The results have demonstrated that the classifiers’ performance improves each time these actions are combined. Our WSC2RCNN Classifier outperforms our RCNN and presents an average advantage of 5.51% across all the evaluation metrics. Furthermore, our BERT+Actions classifier achieves an average advantage of 0.43% over the BERT classifier. Ending with BERT-GCN+Actions, which outperforms all classifiers seen in this work and shows a 0.37% improvement over BERT-GCN.
5 Conclusion and Future Research
This work introduces a novel method for classifying web services, named DeepLAB-WSC, that relies on the concise textual descriptions of the services. Our methodology stands out by prioritizing the activities executed by web services, which are derived from their descriptions, and use deep learning text classification techniques to categorize the services.
Our comparison trials have demonstrated that DeepLAB-WSC surpasses current cutting-edge techniques for classifying web services in terms of all performance parameters. Our technique has a key benefit in that it specifically targets the most crucial aspect of the description, namely the actions, in order to enhance the accuracy of categorization.

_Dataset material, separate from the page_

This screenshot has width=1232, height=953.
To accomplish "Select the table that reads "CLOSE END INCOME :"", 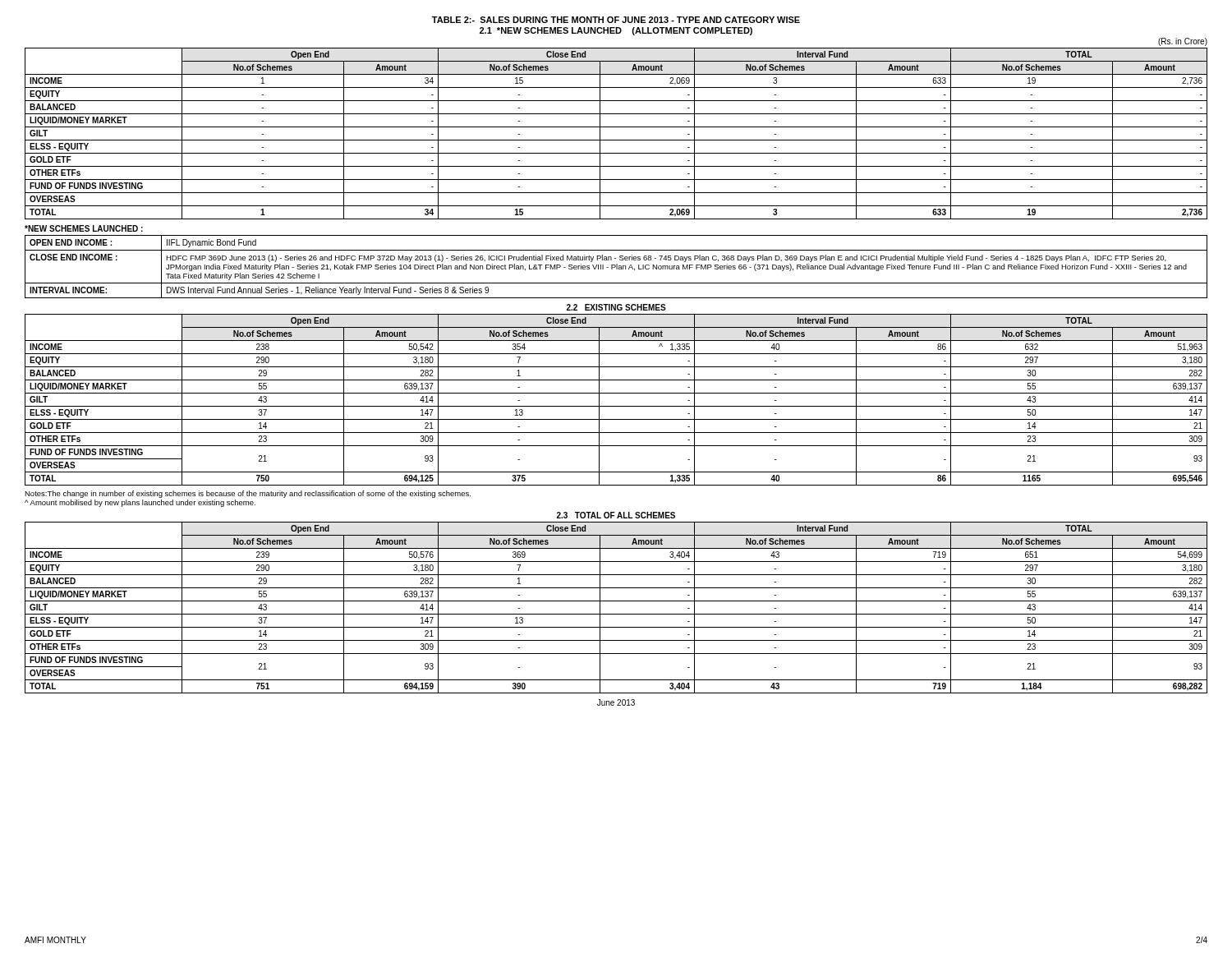I will [x=616, y=267].

Looking ahead, we plan to extend this work by leveraging the power of BERT and GNN to build social networks of web services based on the similarities (BERT based classifiers) and complementarities (predicting the next sentence/document) of their descriptions. Making this social dimension profitable will allow usto enhance both the process of finding and combining online services.